I'm encountering some troubles while trying to solve this exercise.

Let us consider a radio link between a geostationary satellite and a ground station. We send a binary signal (represented by two voltage levels), which got filtered by a rised cosine filter, frequency modulated to $f_p = 4~\text{GHz}$ with modulation index $I_f = 9$. We have to guarantee a signal-to-noise ratio after demodulation (let's call it SNRAD) of 15 dB.

The exercise asks to determine the bandwidth $B$ of the modulating signal known that:

• At the receiver input the noise power, in the same bandwidth of the received signal, is $W_N = -100~\text{dBm}$;
• The system temperature is $T_s = 290~\text{K}$;
• The text of the exercise recalls that the bandwidth of the whole frequency modulated signal is 4 times the Carson's Bandwidth: $B_{tot} = 4B_c = 4B\left(I_f + 1\right)$.

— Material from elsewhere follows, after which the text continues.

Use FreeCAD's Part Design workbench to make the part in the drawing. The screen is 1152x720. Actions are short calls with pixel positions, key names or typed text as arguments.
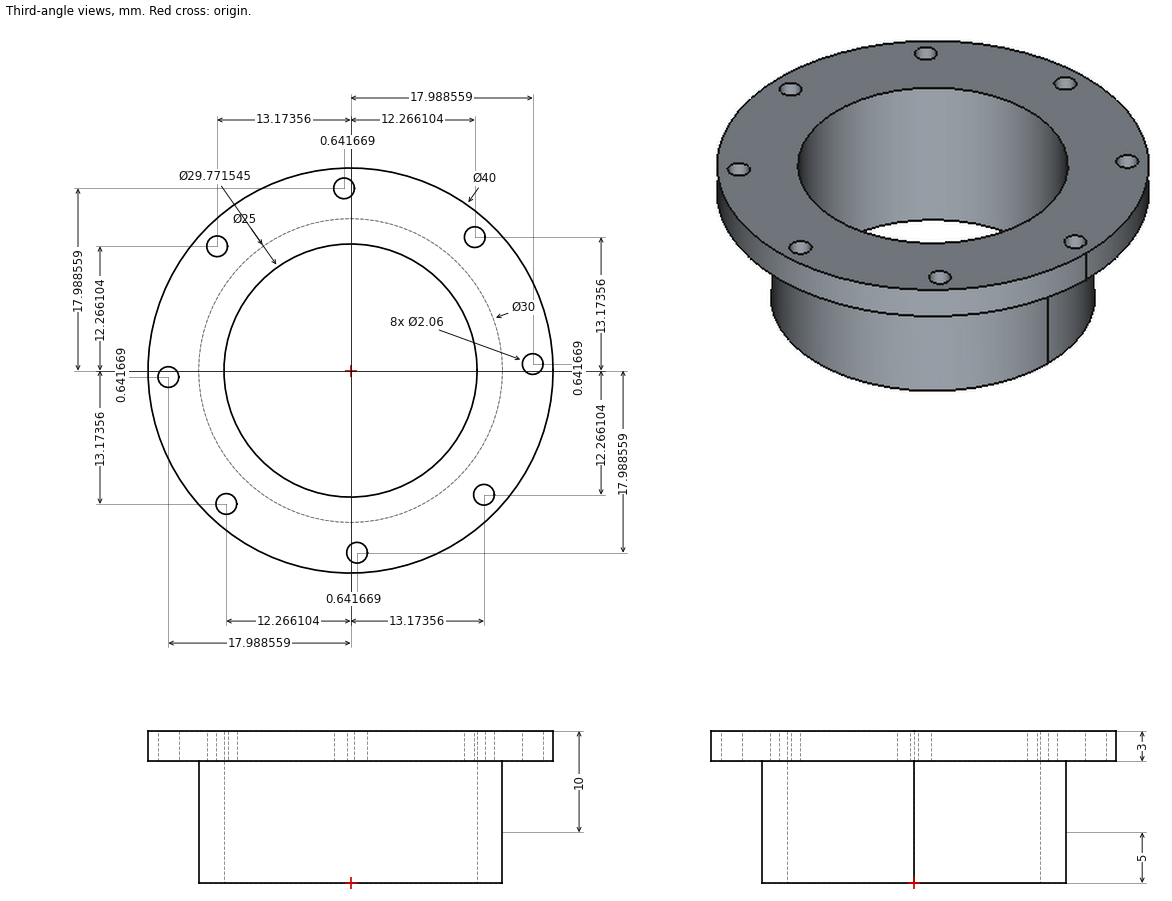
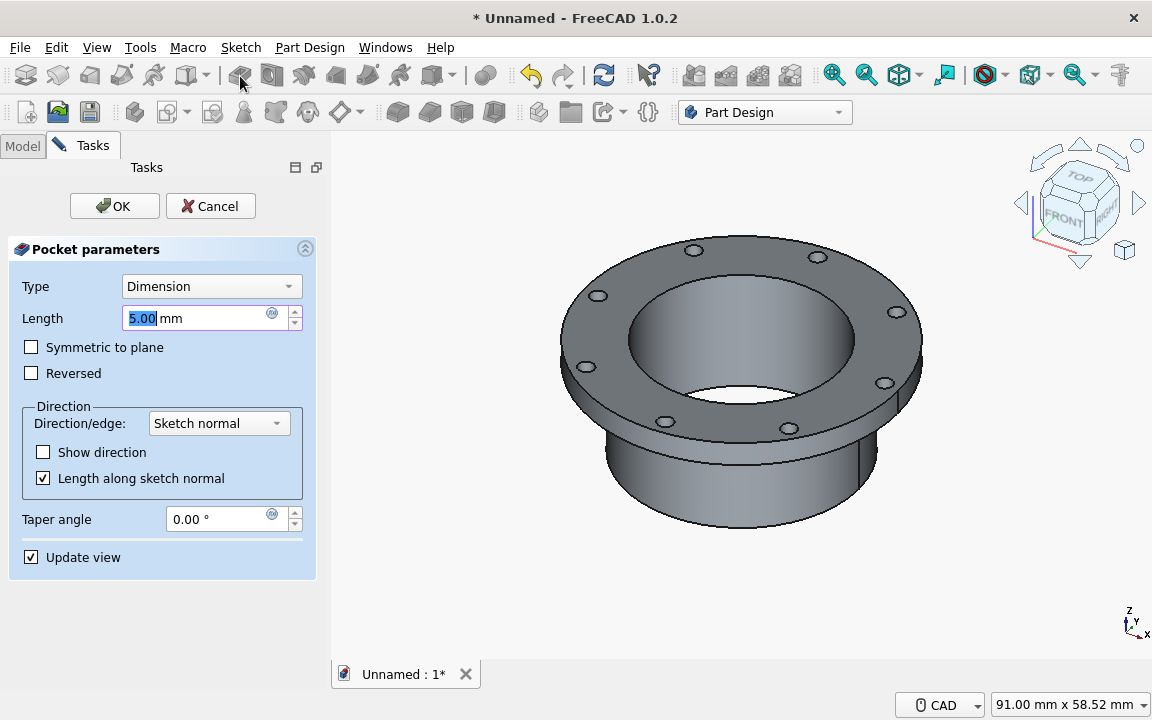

Do someone have any suggestions about how to solve this exercise?

EDIT. I've tried to use the SNRAD information to obtain the SNR of the received signal, but I don't know if it is a correct way to use this information. By the way, as you will notice, the number that I obtain in this way seems incorrect since it is too low.

$SNRAD=3 I_f ^2 SNR = 3 ~ \cdot ~ 81 ~ \cdot ~ SNR = 243 ~ \cdot ~ SNR$

which in dB becomes

$SNRAD_{dB} = 15 \text{dB} = 23.86 \text{dB} + SNR_{dB}$

from which I obtain something strange:

$SNR_{dB} = 15 \text{dB} - 23.86 \text{dB} = -8,86 \text{dB}.$

A second approach I thought to calculate the bandwidth is to use the information given about the noise power level in the same bandwidth of the received signal. Again I don't know formulas which link the two things (noise power level and bandwidth) and the SNR obtained before seems too low.

EDIT2. I forget to try the classical formula which link the noise power level with the bandwidth considered. In this case we have:

$W_N = F k_B T B$

where $F = \frac{T_s + T_0}{T_s}$ . Now we have another problem, we have two unknown variables: the received signal power level (S) and the bandwidth of that signal (B) which need to find to solve the exercise. In fact:

$SNR_{dB} = -8.86 \text{dB} = S_{dB} - W_{N,dB}$ .